Como no va a hacer nada de eso, ni tampoco impulsará una reforma fiscal, lo que seguramente hará será cancelar el gasto de inversión (condenando a la irrelevancia el plan de construir infraestructura para atraer empresas por la relocalización), con la cual el déficit podría reducirse a 4.5% del PIB, pero seguiría endeudando al país. Ganaría un poco de tiempo y algo de clemencia de las calificadoras, esperando que la economía (que se está desacelerando y lo seguirá haciendo el próximo año) crezca mucho a partir de 2026, no solo para que las finanzas y el gasto público puedan recuperarse, sino para crear empleos, mejorar salarios y darle un poco de aire político al “segundo piso”.

Claudia Sheinbaum ha asegurado que habrá una amplia discusión sobre la reforma judicial. No está tan claro si esto podría conducir a que se modifiquen los términos en que está planteada, debido a que su AMLO ha asegurado que no cederá en la elección popular de jueces y ministros. Si el presidente insiste en darle a su sexenio un final apoteótico con la reforma judicial, le hará un despropósito a su sucesora. Los mercados ya avisaron que no les gusta invertir en países gobernados sin contrapesos democráticos y sin certeza jurídica.

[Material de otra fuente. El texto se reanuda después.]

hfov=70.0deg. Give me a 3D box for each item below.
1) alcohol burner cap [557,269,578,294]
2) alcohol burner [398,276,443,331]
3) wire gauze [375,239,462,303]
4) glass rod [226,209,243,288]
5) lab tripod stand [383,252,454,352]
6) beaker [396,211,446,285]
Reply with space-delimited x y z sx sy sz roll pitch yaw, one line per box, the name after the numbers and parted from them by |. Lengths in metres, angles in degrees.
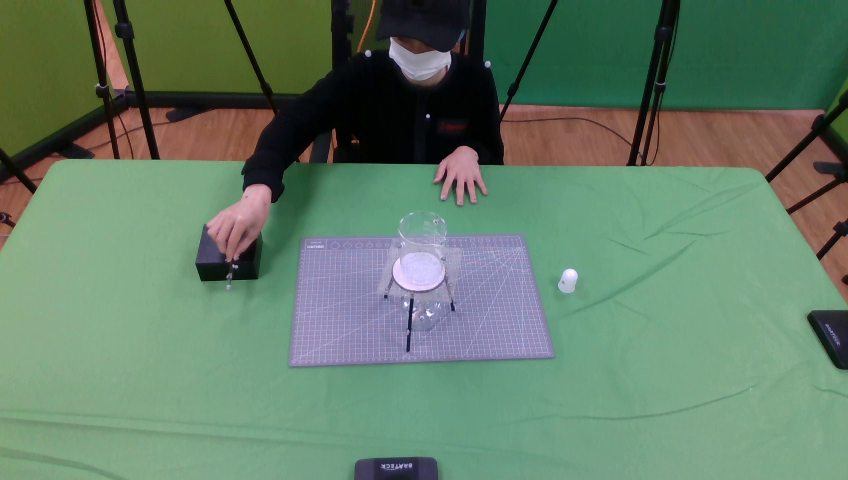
0.270 0.075 1.135 0.034 0.048 0.033 3 46 -2 | alcohol burner cap
-0.005 0.101 1.033 0.078 0.119 0.077 3 48 -3 | alcohol burner
-0.006 0.049 0.978 0.121 0.011 0.124 10 44 5 | wire gauze
-0.344 0.012 1.102 0.008 0.008 0.198 -1 45 -6 | glass rod
-0.016 0.094 1.025 0.148 0.132 0.147 1 46 -1 | lab tripod stand
-0.002 0.017 0.941 0.083 0.101 0.074 36 54 28 | beaker
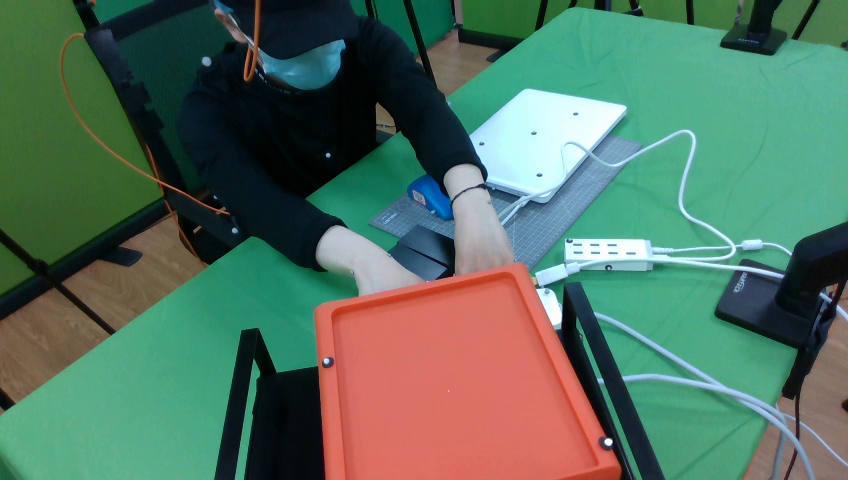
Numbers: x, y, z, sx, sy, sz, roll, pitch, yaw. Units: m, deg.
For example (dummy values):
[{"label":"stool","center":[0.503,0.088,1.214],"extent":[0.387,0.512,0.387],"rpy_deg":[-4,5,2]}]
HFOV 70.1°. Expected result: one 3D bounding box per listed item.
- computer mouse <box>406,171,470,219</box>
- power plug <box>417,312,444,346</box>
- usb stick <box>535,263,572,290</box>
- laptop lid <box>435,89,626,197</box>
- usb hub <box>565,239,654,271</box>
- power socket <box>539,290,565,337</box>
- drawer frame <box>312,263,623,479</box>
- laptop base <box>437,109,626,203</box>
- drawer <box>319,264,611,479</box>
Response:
[{"label":"computer mouse","center":[0.024,-0.082,1.049],"extent":[0.063,0.041,0.116],"rpy_deg":[-29,49,-27]},{"label":"power plug","center":[0.008,0.124,0.785],"extent":[0.035,0.053,0.072],"rpy_deg":[-3,38,6]},{"label":"usb stick","center":[0.182,0.056,0.875],"extent":[0.059,0.021,0.027],"rpy_deg":[-30,2,-7]},{"label":"laptop lid","center":[0.211,-0.202,1.165],"extent":[0.240,0.013,0.358],"rpy_deg":[21,47,32]},{"label":"usb hub","center":[0.275,0.022,0.906],"extent":[0.125,0.025,0.049],"rpy_deg":[1,41,9]},{"label":"power socket","center":[0.081,0.112,0.822],"extent":[0.227,0.033,0.072],"rpy_deg":[-6,41,0]},{"label":"drawer frame","center":[0.021,0.130,0.493],"extent":[0.202,0.083,0.212],"rpy_deg":[-11,41,-6]},{"label":"laptop base","center":[0.214,-0.193,1.172],"extent":[0.233,0.023,0.355],"rpy_deg":[19,46,32]},{"label":"drawer","center":[0.020,0.129,0.497],"extent":[0.195,0.073,0.210],"rpy_deg":[-11,41,-5]}]
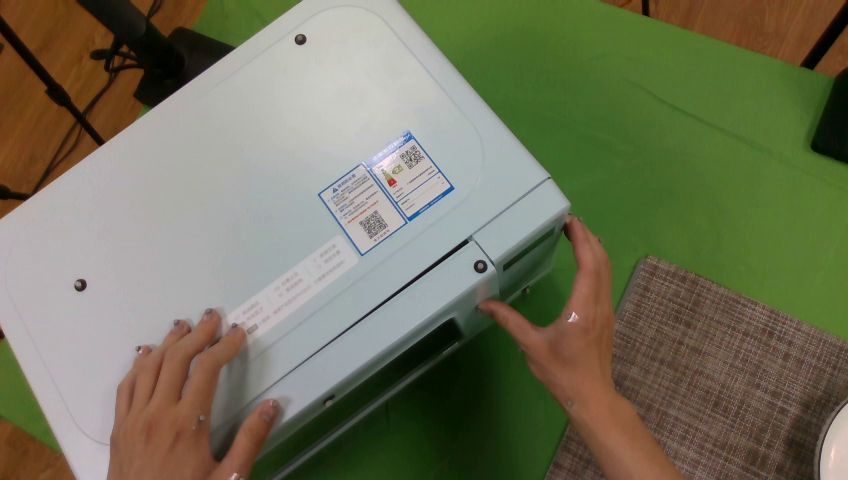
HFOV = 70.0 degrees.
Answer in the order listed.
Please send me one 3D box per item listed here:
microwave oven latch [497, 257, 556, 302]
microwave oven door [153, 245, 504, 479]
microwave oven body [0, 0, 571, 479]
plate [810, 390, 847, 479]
[{"bbox_3d":[0.110,0.036,0.677,0.079,0.030,0.030,-35,74,-1],"label":"microwave oven latch"},{"bbox_3d":[-0.079,0.142,0.570,0.356,0.245,0.039,-36,73,-2],"label":"microwave oven door"},{"bbox_3d":[-0.132,0.005,0.618,0.441,0.262,0.324,-37,74,-2],"label":"microwave oven body"},{"bbox_3d":[0.484,0.234,0.589,0.207,0.039,0.206,-2,75,7],"label":"plate"}]
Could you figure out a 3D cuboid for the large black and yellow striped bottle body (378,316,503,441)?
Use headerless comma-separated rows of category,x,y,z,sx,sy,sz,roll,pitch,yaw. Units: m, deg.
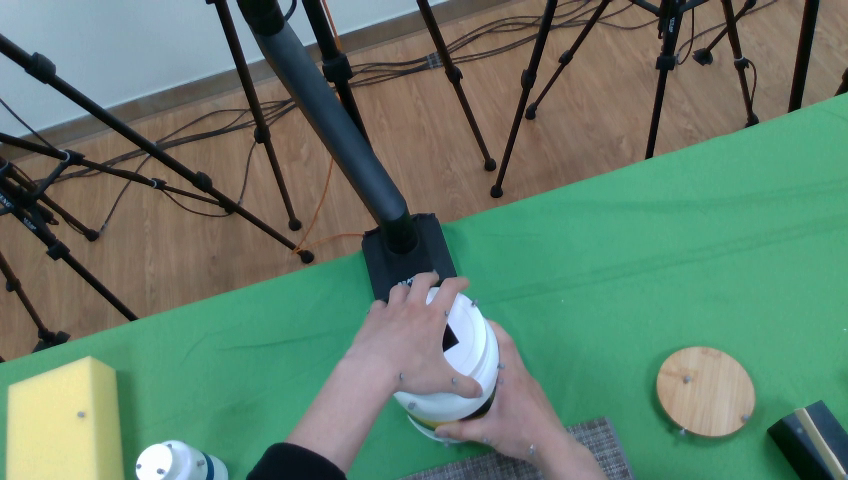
large black and yellow striped bottle body,0.022,0.146,0.695,0.130,0.186,0.129,-5,59,8

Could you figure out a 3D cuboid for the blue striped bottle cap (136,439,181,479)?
blue striped bottle cap,-0.294,0.244,0.670,0.044,0.021,0.044,-4,61,7

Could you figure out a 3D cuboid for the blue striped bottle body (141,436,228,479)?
blue striped bottle body,-0.285,0.271,0.713,0.063,0.122,0.062,-5,59,8

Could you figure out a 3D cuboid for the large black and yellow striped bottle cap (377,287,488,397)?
large black and yellow striped bottle cap,0.008,0.102,0.619,0.115,0.019,0.114,-6,58,10

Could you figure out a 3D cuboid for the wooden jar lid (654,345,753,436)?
wooden jar lid,0.329,0.178,0.717,0.108,0.021,0.107,-4,61,8

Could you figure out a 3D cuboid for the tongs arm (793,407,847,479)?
tongs arm,0.475,0.329,0.559,0.051,0.027,0.381,-21,69,-5

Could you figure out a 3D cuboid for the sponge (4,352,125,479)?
sponge,-0.465,0.264,0.784,0.118,0.061,0.204,-21,59,-3
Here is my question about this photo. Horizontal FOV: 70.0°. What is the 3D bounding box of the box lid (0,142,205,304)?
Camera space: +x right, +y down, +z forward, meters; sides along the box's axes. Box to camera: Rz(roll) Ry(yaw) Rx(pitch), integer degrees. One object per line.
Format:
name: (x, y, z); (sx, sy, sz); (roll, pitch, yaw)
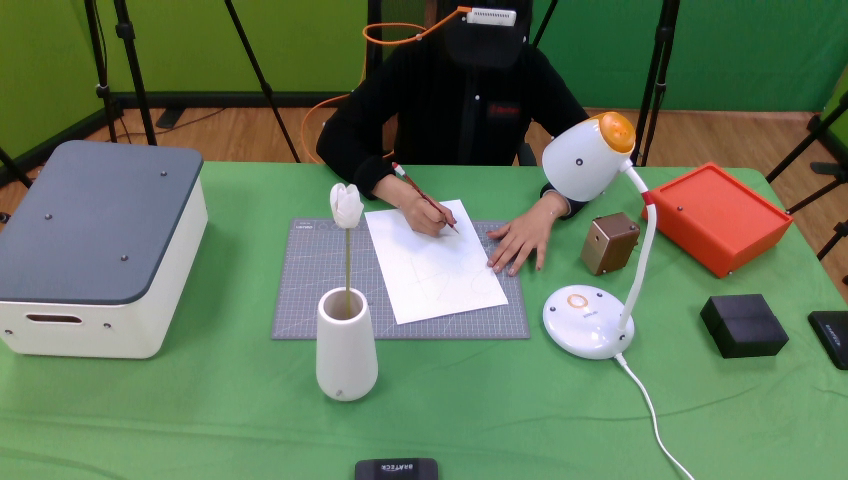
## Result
box lid: (-0.534, -0.044, 0.995); (0.263, 0.015, 0.369); (3, 45, -3)

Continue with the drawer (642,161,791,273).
drawer: (0.596, -0.051, 1.246); (0.194, 0.073, 0.210); (-23, 52, -25)

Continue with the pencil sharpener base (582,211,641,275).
pencil sharpener base: (0.357, 0.005, 1.156); (0.077, 0.107, 0.061); (-15, 48, -18)

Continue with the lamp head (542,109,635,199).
lamp head: (0.253, -0.131, 0.893); (0.113, 0.123, 0.112); (10, 66, -24)

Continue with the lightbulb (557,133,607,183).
lightbulb: (0.243, -0.127, 0.917); (0.059, 0.108, 0.059); (6, 67, -14)

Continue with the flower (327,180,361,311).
flower: (-0.110, 0.087, 0.867); (0.044, 0.363, 0.038); (22, 33, 36)

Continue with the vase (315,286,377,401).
vase: (-0.119, 0.159, 0.911); (0.098, 0.201, 0.097); (2, 47, -2)

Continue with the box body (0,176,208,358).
box body: (-0.546, 0.017, 1.045); (0.254, 0.161, 0.361); (2, 46, -2)

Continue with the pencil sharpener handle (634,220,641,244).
pencil sharpener handle: (0.405, -0.015, 1.162); (0.031, 0.068, 0.035); (-15, 45, -18)

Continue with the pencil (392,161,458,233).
pencil: (0.004, -0.082, 1.194); (0.194, 0.012, 0.012); (47, 48, -15)

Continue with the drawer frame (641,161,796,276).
drawer frame: (0.599, -0.051, 1.244); (0.202, 0.083, 0.212); (-24, 53, -25)

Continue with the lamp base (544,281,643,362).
lamp base: (0.303, 0.095, 1.014); (0.161, 0.181, 0.178); (-24, 54, -24)

Imaginemos lo que pasará a fines de septiembre si la reforma es aprobada. Antes que los efectos económicos de mediano y largo plazo, las dos consecuencias inmediatas serían de orden político. Primero, se confirmarían los temores y advertencias de que el país cae en el precipicio del autoritarismo. Los efectos de la pérdida de la división de poderes y del contrapeso constitucional se irían revelando poco a poco hasta que los ciudadanos los sintamos, gracias a un país estancado económicamente y a un poder caprichoso. El arrepentimiento será tardío, tal y como les pasa ahora a los ingleses con el Brexit, pero habrá arrepentimiento.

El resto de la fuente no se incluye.